— Goal of the exercise —
Copy precisely the first line of the material below and every later line, stopping with the line that contains "Answer the question".

— Given entries —
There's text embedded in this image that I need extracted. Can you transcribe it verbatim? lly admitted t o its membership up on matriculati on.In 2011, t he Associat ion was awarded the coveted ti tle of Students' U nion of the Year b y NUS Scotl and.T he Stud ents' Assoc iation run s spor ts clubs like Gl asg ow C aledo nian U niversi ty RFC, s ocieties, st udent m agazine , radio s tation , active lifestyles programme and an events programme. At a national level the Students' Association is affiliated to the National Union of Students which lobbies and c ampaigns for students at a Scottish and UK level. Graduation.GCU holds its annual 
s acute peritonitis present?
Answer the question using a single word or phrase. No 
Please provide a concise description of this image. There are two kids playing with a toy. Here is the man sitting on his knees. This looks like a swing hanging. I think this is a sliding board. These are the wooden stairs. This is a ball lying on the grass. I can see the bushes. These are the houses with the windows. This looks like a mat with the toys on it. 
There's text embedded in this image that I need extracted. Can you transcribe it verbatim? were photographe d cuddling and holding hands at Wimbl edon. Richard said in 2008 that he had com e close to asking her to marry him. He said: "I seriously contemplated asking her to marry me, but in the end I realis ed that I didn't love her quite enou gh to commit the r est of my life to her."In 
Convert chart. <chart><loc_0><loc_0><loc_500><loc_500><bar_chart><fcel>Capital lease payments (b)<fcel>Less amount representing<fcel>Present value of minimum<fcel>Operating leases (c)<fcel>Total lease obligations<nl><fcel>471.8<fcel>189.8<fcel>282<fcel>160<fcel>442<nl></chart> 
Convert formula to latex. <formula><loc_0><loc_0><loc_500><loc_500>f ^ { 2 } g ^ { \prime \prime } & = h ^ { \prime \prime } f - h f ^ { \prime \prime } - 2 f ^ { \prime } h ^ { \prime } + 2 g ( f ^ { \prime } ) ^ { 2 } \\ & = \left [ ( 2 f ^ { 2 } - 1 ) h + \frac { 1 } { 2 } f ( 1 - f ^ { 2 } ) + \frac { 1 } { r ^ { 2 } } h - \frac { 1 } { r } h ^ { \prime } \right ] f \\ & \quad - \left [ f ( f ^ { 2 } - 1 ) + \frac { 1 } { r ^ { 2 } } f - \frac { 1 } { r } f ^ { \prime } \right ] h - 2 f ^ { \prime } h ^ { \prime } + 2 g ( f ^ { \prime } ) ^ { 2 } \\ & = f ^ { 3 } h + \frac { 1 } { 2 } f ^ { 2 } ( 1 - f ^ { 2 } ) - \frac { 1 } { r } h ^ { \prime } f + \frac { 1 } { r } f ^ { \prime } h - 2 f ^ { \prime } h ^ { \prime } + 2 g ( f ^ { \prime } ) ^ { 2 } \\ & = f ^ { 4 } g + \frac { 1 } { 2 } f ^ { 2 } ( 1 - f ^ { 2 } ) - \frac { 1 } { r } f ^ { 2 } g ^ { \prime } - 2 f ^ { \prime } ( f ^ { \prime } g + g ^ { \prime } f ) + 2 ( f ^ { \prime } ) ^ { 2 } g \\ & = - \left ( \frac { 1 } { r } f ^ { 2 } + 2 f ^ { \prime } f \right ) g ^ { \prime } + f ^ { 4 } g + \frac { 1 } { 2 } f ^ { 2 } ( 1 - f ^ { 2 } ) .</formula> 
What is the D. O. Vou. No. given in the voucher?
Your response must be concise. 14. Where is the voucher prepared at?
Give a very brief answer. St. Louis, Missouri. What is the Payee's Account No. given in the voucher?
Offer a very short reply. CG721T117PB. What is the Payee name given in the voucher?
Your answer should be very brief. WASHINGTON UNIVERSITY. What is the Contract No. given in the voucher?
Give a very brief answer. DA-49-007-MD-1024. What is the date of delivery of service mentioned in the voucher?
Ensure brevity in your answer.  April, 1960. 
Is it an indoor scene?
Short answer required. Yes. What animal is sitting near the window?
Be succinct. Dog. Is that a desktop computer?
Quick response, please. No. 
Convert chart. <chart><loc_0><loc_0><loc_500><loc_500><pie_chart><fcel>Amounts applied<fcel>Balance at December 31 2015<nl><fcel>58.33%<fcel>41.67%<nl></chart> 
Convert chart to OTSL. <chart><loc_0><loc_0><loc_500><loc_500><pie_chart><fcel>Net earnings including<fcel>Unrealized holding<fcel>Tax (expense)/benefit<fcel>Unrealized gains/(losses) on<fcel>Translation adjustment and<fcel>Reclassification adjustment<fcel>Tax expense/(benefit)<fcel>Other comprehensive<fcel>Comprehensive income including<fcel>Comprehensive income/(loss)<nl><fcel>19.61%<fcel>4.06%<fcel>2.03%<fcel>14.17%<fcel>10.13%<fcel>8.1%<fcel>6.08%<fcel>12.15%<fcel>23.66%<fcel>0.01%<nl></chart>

— Task solution —
There's text embedded in this image that I need extracted. Can you transcribe it verbatim? lly admitted t o its membership up on matriculati on.In 2011, t he Associat ion was awarded the coveted ti tle of Students' U nion of the Year b y NUS Scotl and.T he Stud ents' Assoc iation run s spor ts clubs like Gl asg ow C aledo nian U niversi ty RFC, s ocieties, st udent m agazine , radio s tation , active lifestyles programme and an events programme. At a national level the Students' Association is affiliated to the National Union of Students which lobbies and c ampaigns for students at a Scottish and UK level. Graduation.GCU holds its annual 
s acute peritonitis present?
Answer the question using a single word or phrase. No 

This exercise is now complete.